To paraphrase literary scholar, Cathy Caruth, history, like trauma, is never simply one’s own, it is precisely the way we are involved in each other’s traumas. What I have tried to do with my own work, as an archivist, is to invite viewers and readers to consider how we are involved in each other’s history and trauma. In this instance, we seem to be involved with each other as victims, perpetrators and collaborators. The great thing public memorializing can do is allow us to look at each other’s memory as if through each other’s eyes.
Implicated in this invite is that history, especially with regard to Biafra, could be reclaimed, not through purely academic discourse, but rather, through archiving as a site of public memory. This rediscovered archive represents not just a curatorial challenge but also a political and psychological one, the mechanics of breaking personal and collective silence. How do we remember, how do we come to terms with the past when official history encourages collective forgetting, collective migration from memory? What is it about the present that makes us unwilling to let the past go? Why concern oneself with an archive of films that is hardly known, and talked about only in a postcolonial sense?

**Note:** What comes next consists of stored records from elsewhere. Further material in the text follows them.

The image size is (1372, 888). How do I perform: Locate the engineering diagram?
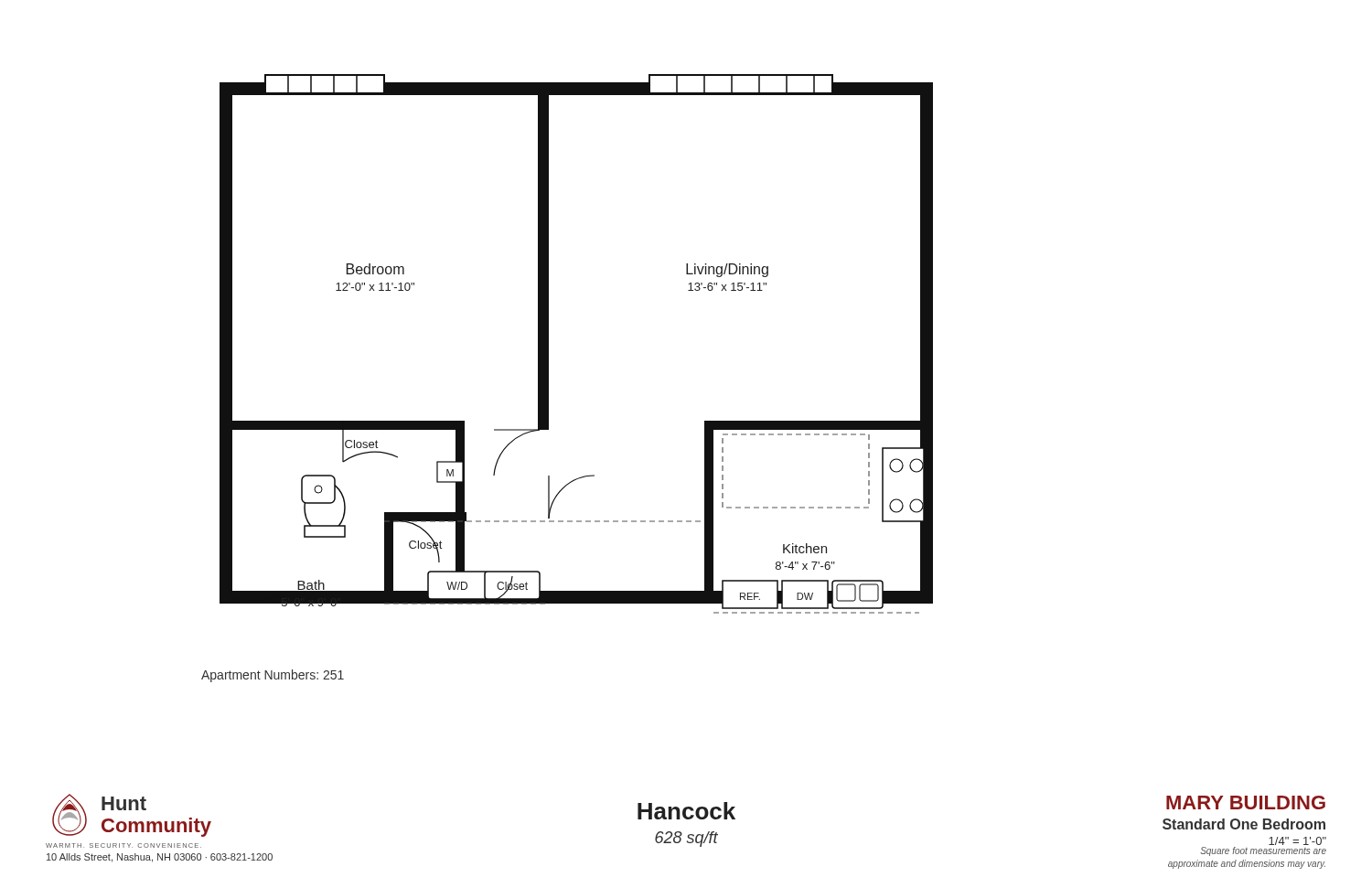pos(576,357)
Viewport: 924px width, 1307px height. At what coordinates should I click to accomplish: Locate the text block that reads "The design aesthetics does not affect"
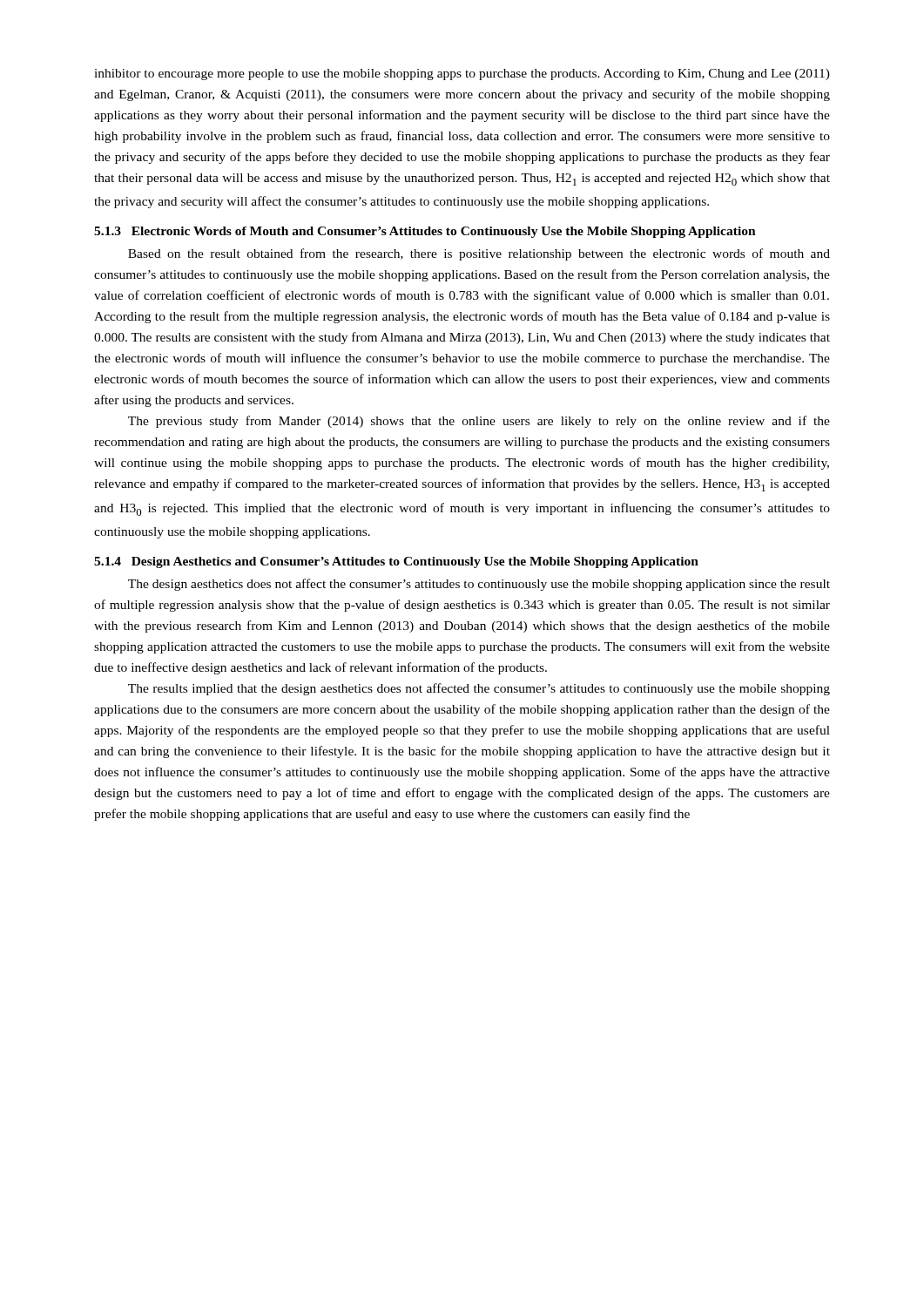tap(462, 625)
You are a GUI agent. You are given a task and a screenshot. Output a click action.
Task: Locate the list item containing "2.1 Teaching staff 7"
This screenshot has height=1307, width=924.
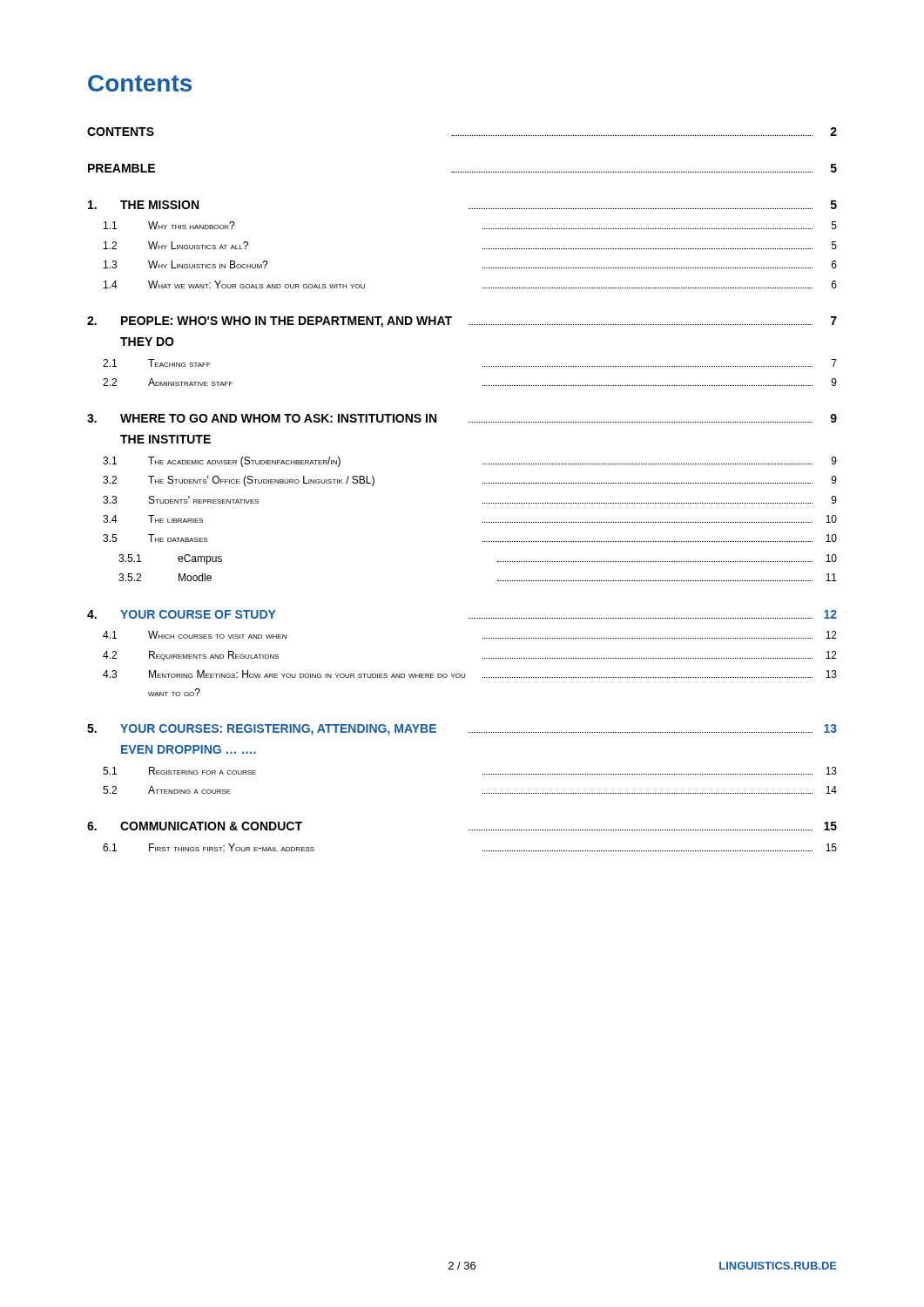[x=177, y=363]
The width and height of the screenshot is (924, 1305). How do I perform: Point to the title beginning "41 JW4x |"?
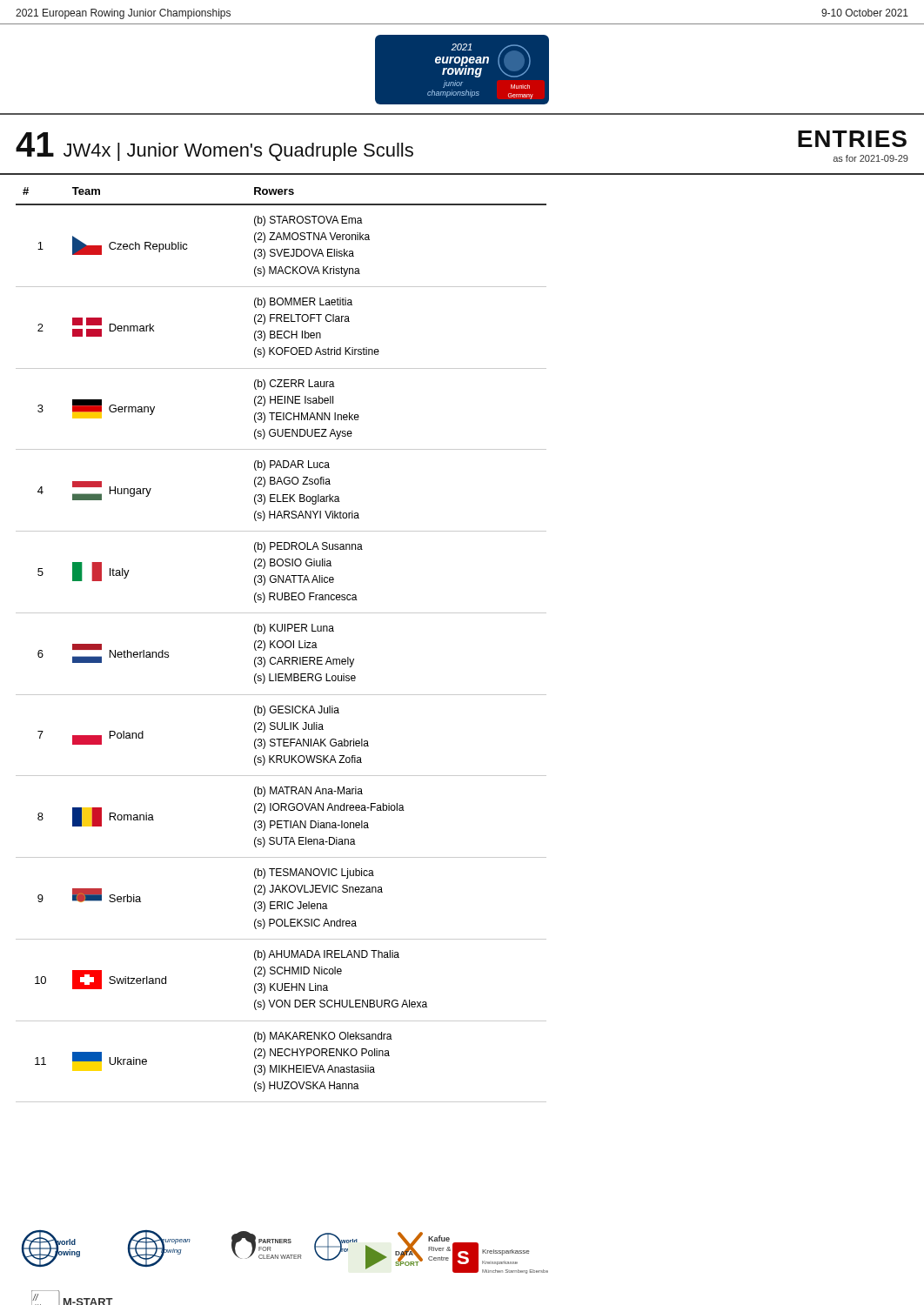coord(215,145)

After 50 years we still cannot look at the past dispassionately. This was the most traumatic event of our national history, yet there has never been an intellectual or artistic engagement with it. There is still unwillingness to confront the historical truth, to acknowledge it, however difficult or painful.
The debates about who was actually responsible for the war serves to confuse the real issue. To lay the blame on this or that individual, on this or that accidental event only obscures the real cause of the tragedy that was the Biafra-Nigeria War, in the sense that the Biafran secession and war are never linked to other post-independence crises in Africa. The inevitable failure of trying to construct a modern, viable African state under neocolonialism is never raised.
From film cans of the 2nd World Black Festival of Arts (FESTAC) to the National Arts Festival (NAFEST), this archive contains many chapters of national memory and history. Among the images that stand out are the enforced parade-ground military marches instituted in Nigerian schools. This archival research – including artists, historians, curators, archivists and academics seeking to engage not only with the biography of the material, but also the gaps and political controversy that exists within national memory – is an attempt to reverse the militarized migration from memory.